她搂住他的脖子,萨菲罗斯抱着她走进厨房,将她放到厨房中央的台面上。两人的视线终于持平了一些,他微垂眼帘,戴着黑色手套的手保持着停留在她脑侧的姿势。
“你怎么来了?”
他好像没有生气。不管是语气还是声音,托着她侧脸的右手也非常温柔,甚至有点小心,好像她是什么脆弱的易碎品。

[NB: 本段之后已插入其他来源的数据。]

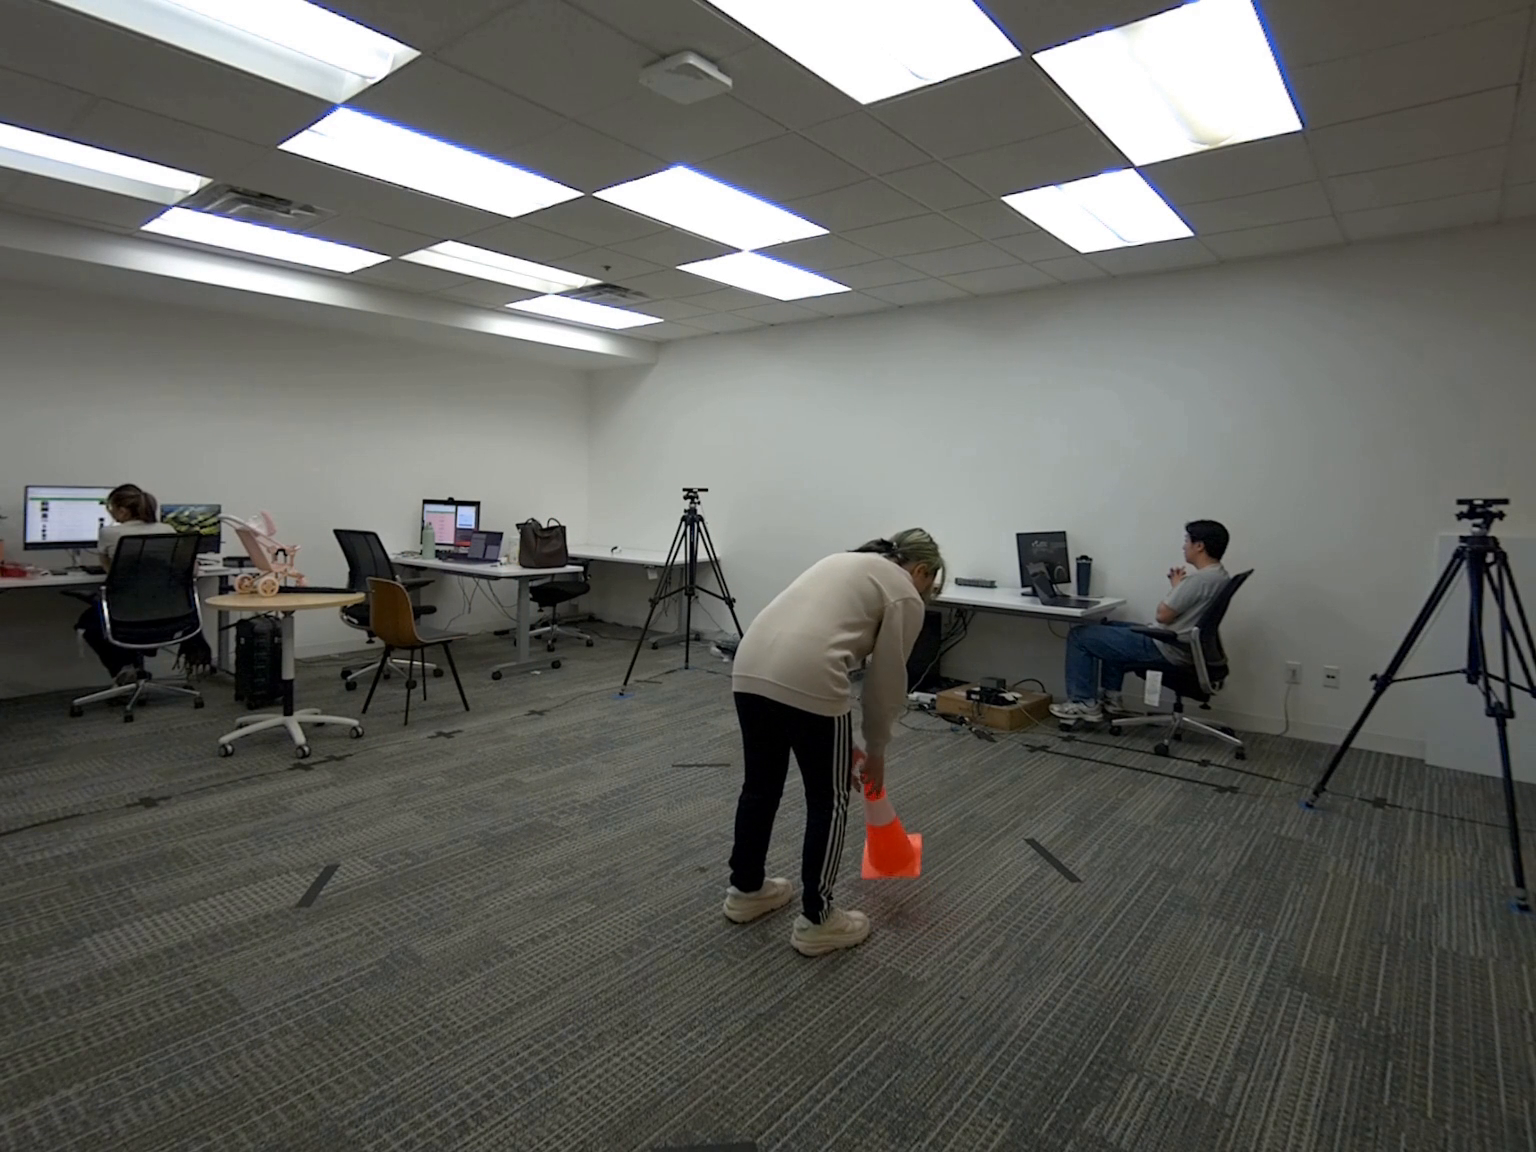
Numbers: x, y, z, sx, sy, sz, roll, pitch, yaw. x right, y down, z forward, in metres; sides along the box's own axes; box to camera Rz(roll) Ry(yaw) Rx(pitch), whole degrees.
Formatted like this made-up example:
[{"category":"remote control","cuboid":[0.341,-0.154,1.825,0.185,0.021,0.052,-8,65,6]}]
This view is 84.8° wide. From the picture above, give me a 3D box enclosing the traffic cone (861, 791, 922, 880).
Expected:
[{"category":"traffic cone","cuboid":[0.370,0.786,2.838,0.207,0.376,0.205,-11,18,14]}]

和体质被加强过的特种兵比起来,普通人确实脆弱易折,就像钢铁和血肉之躯的区别一样。
和碧绿的竖瞳目光相对时,温热的酥麻沿着脸颊和后颈蔓延开来,那种感觉就像在寒冷的冬日泡在温泉里一样,她几乎是无意识地叹了口气,莫名其妙积累了一整周的压力忽然放松开来,胸口的空洞也跟着消失不见了,被温暖柔软的情绪填满了。
“出什么事了吗?”萨菲罗斯问她。
她摇摇头,动作幅度很小,不希望他拿开手。
“没事的话就不能过来吗?”
萨菲罗斯笑了一声,气音很浅:“你知道我不是那个意思。”
她不知道他去了哪里,杀了多少人,效率为什么这么高,连专门压榨剥削员工的神罗都能提前放人。
她并不在乎这些问题的答案,他只要回来了就好。
萨菲罗斯摸摸她的脸,他似乎想说些什么,又不太确定。